Development of a Longitudinal, Non-invasive Ultrasound Technique to Monitor Tendon Healing in a Mouse Model

Development of a Longitudinal, Non-invasive Ultrasound Technique to Monitor Tendon Healing in a Mouse Model

Development of a Longitudinal, Non-invasive Ultrasound Technique to Monitor Tendon Healing in a Mouse Model

Following surgical repair, tendon injuries heal with function-limiting and mechanically insufficient scar tissue. Despite attempts using a variety of biological and tissue engineering approaches, there is currently no consensus therapy to improve outcomes after tendon injury. An insufficient understanding of the underlying mechanisms that contribute to scar-mediated tendon healing is a major impediment to the development of successful therapies. To address this limitation, our collaborators use a murine model of tendon injury and repair that recapitulates many clinical aspects of healing including abundant scar tissue formation and impaired restoration of mechanical properties. However, there remains a need for cost-effective longitudinal outcome measures of tendon healing.
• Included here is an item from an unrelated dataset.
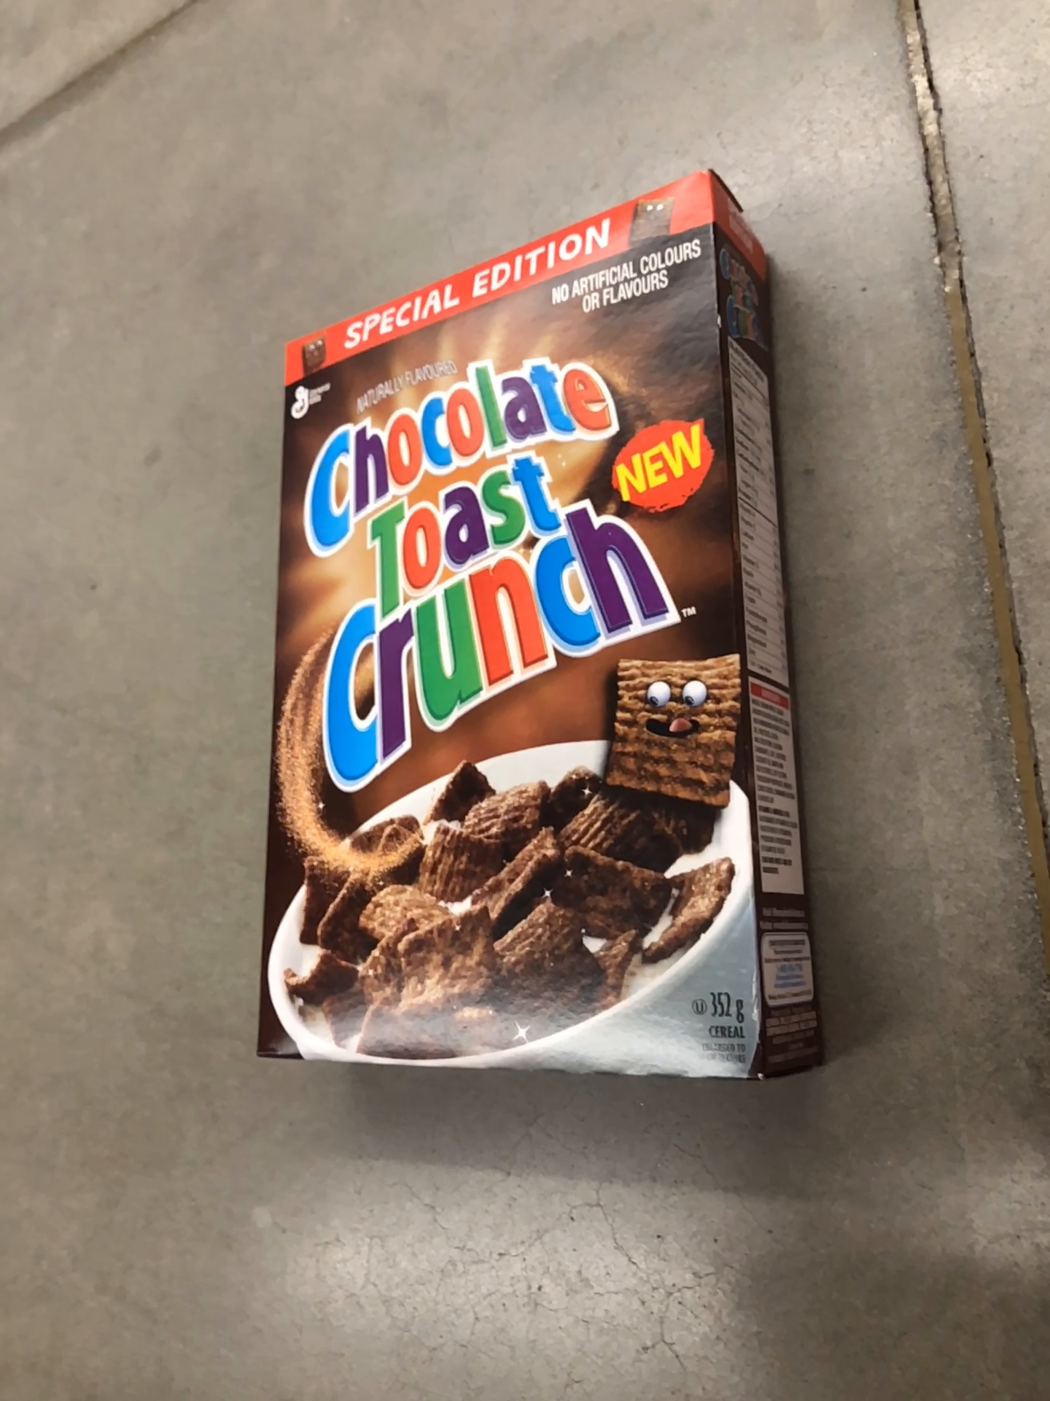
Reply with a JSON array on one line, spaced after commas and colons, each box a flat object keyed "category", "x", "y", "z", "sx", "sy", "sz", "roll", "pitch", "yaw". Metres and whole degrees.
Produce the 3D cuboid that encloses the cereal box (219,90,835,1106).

For example, restoration of tendon gliding function, mechanical properties and tissue morphology are assessed by end-point analyses, which requires sacrificing the mice, and destructive testing of the tissue. Thus, current approaches are expensive, time-consuming and do not allow longitudinal evaluation or concomitant assessment of function and tissue morphology in the same specimen. This project aims to develop longitudinal, non-invasive metrics of tendon healing by combining ultrasound (US) elasticity imaging and novel image registration methods. US is an ideal modality to longitudinally assess tendon healing, as it is non-ionizing, and can be easily scaled between pre-clinical and clinical applications. Specifically, we are developing quantitative US outcomes of scar tissue volume, tendon excursion and tendon strain. Our hypothesis is that these metrics strongly correlate with terminal end-point parameters, and can therefore serve as faithful biomarkers of tendon healing. Once validated, this technology will permit the rapid screening of biological and pharmacological interventions for healing, and identify promising therapeutic targets in an efficient, cost-effective manner.